Sunday, 20 May 2007

The return of Martin Guerre by Natalie Zemon Davis


Hands up who has seen Gerard Depardieu in Le Retour de Martin Guerre which was released in 1982. It might have even been on TV tucked away in a late night art-film nook and cranny. Well this is the book of the history that the film ignored. It was written by the consultant to the film who is a very famous feminist leading proponent of cross-disciplinary history, which consists of combining history with disciplines as anthropology, art history, ethnography and literacy theory.(ohh, I'll go to the foot of our stairs!- meaningless if you are not from the north of England !)Now don’t stop reading because youse ‘ate’ history, the story and the film is a definite 3 handkerchief fable that has been popular for nearly 500 years

Let’s start at the beginning, Martin Guerre, is a Basque peasant in France who marries as a young teenager but for seven years no or poor sex with his wife, Bertrande.
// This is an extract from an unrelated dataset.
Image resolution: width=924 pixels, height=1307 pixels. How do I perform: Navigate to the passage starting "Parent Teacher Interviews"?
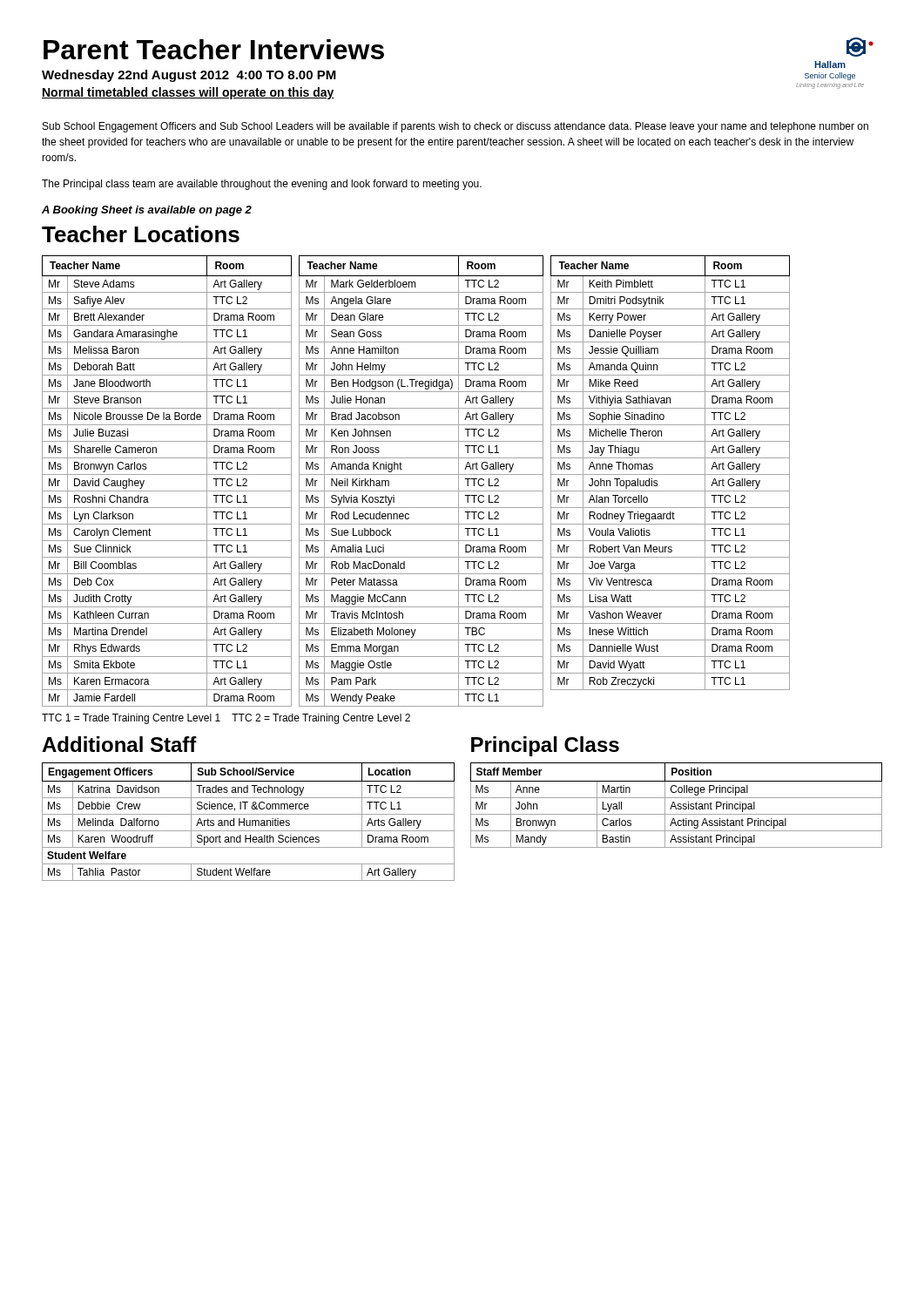point(213,50)

So becomes the laughing stock of the village until eventually a bit of love potion gets the machinery working. A baby is born within 9 months so family thinks that all is well with inheritance and the future. However, he is bored with work and married life so ups and deserts Bertrande and joins the Spanish army then attacking France. Bertrande is not distraught to see him go as she gains the independence and status of being a married woman without the hassle of a man with no lead in his pencil. Nor are the family as more land for them!
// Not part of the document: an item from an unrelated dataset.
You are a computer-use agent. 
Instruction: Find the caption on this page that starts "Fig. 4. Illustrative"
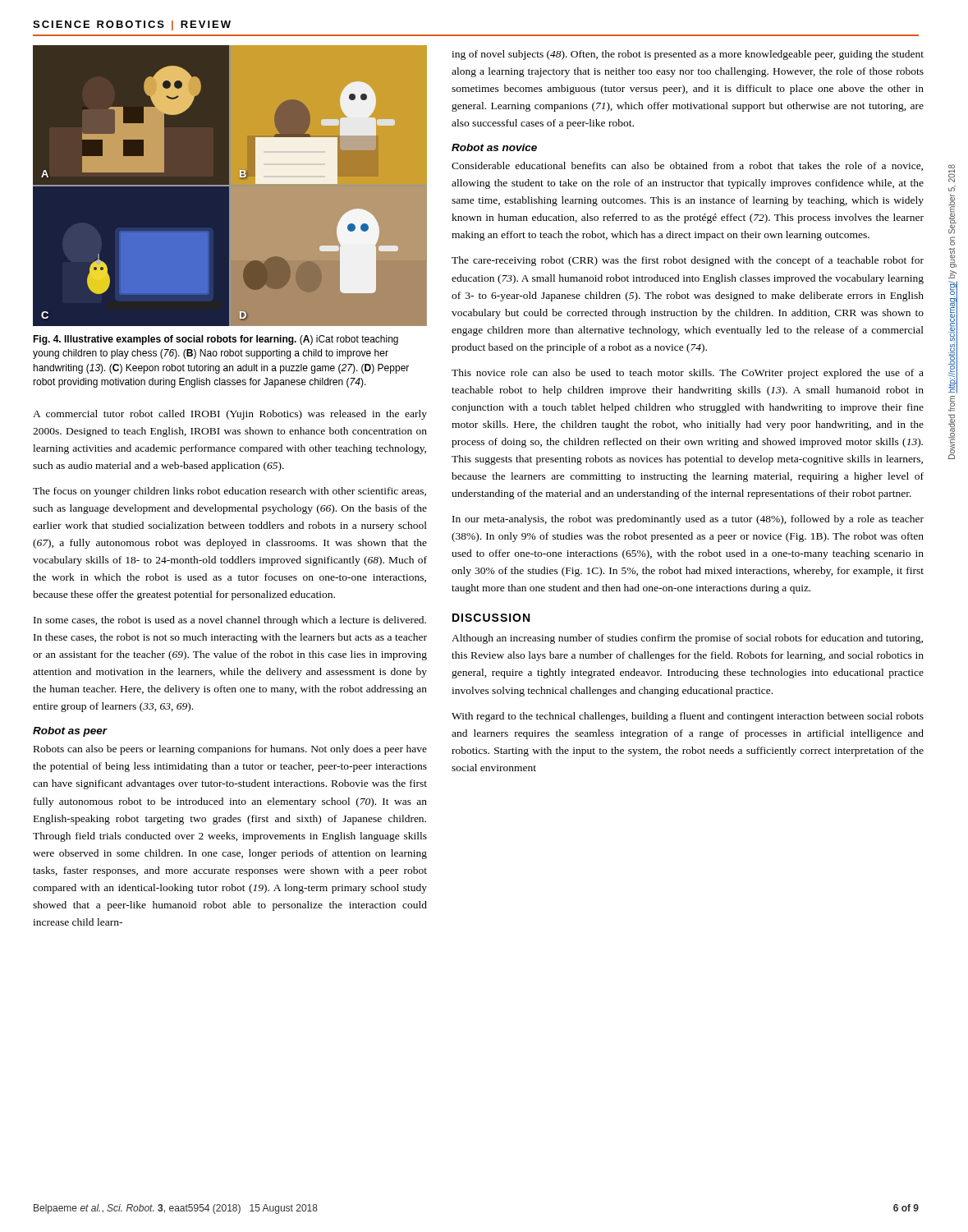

In the meanwhile, Arnaud du Tilh is whoring and thieving his way through life having too much intelligence to fit into farming and liking the ladies too much for the Church. He has a very good memory and can charm his way into anything. Some seven years after Martin Guerre has disappeared, Arnaud meets some villagers in a Tavern and hears of the pretty wealthy woman and so hatches a plot to impersonate Martin Guerre.

This is where the plot thickens, because he does fool most of the family and villagers. But Bertrande clearly knows what is what yet they fall in love. Ahead in the story is how this love becomes doomed, how Bertrande has to pretend betrayal to save her child and the family estate, and how a figure from her past stomps in at her moment of triumph. And this is just the story of these three, you also learn about why the Father-law sets in motion the tragedy and why the Judge was not all he appeared.
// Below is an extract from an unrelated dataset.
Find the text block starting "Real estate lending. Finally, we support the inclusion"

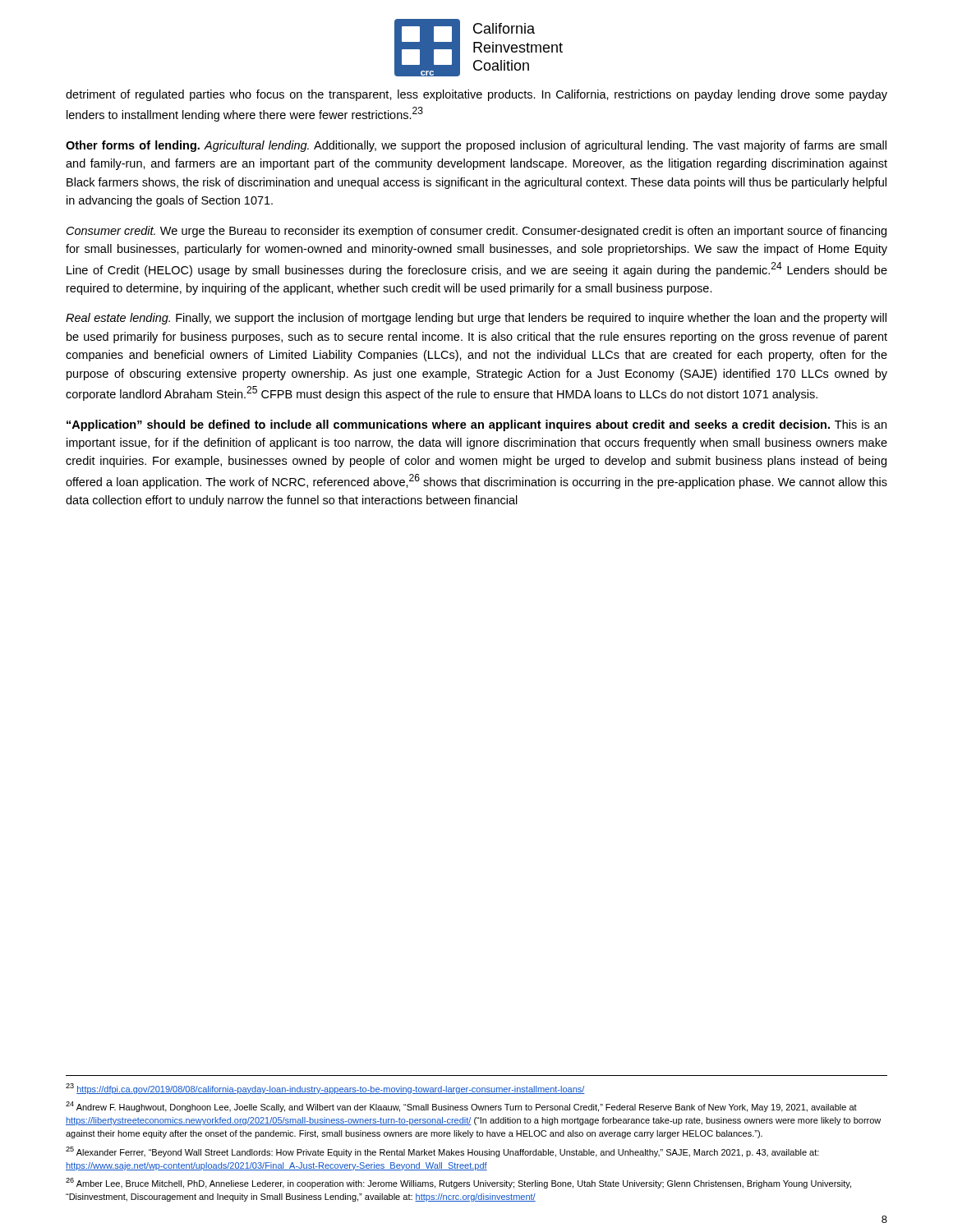476,356
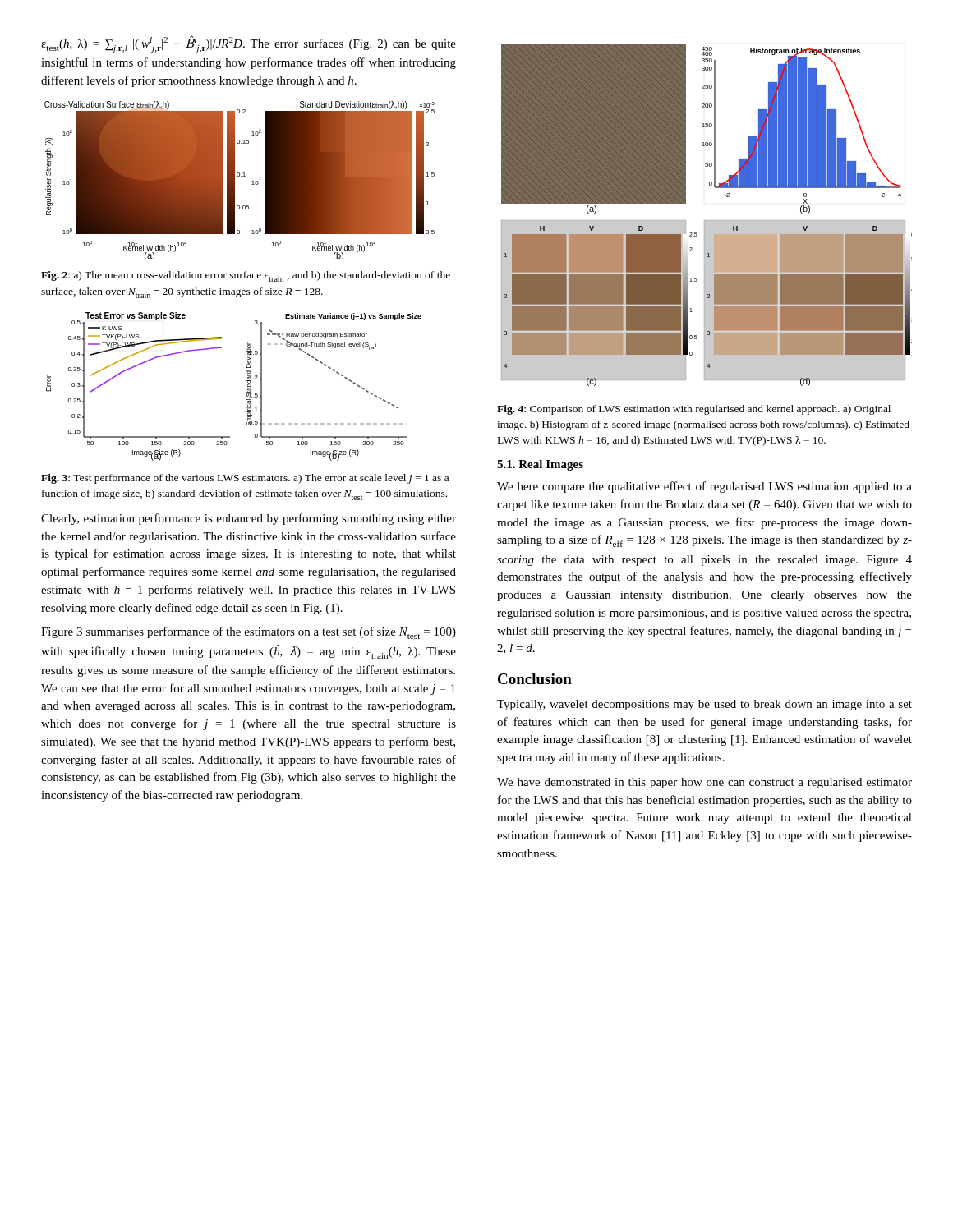
Task: Find the caption that says "Fig. 2: a) The mean"
Action: click(246, 284)

See told you it was 3 handkerchief fable. Sadly, the story is more interesting then the style of its writing which at times can steer towards a cut-down academic of…on the one hand but on the other But it does give a rounded historical context of why main characters made the choices they did. And the real tragedy is the blighted lives of the many in a feudal society undergoing the changes that would lead to the revolution and the historic root of the individual freedoms that Martin, Bertrand, and Arnaud were struggling towards.

Would I recommend it? Yes for its insight to a story that has never lost its power to fascinate since the 1560’s. But see the film as well.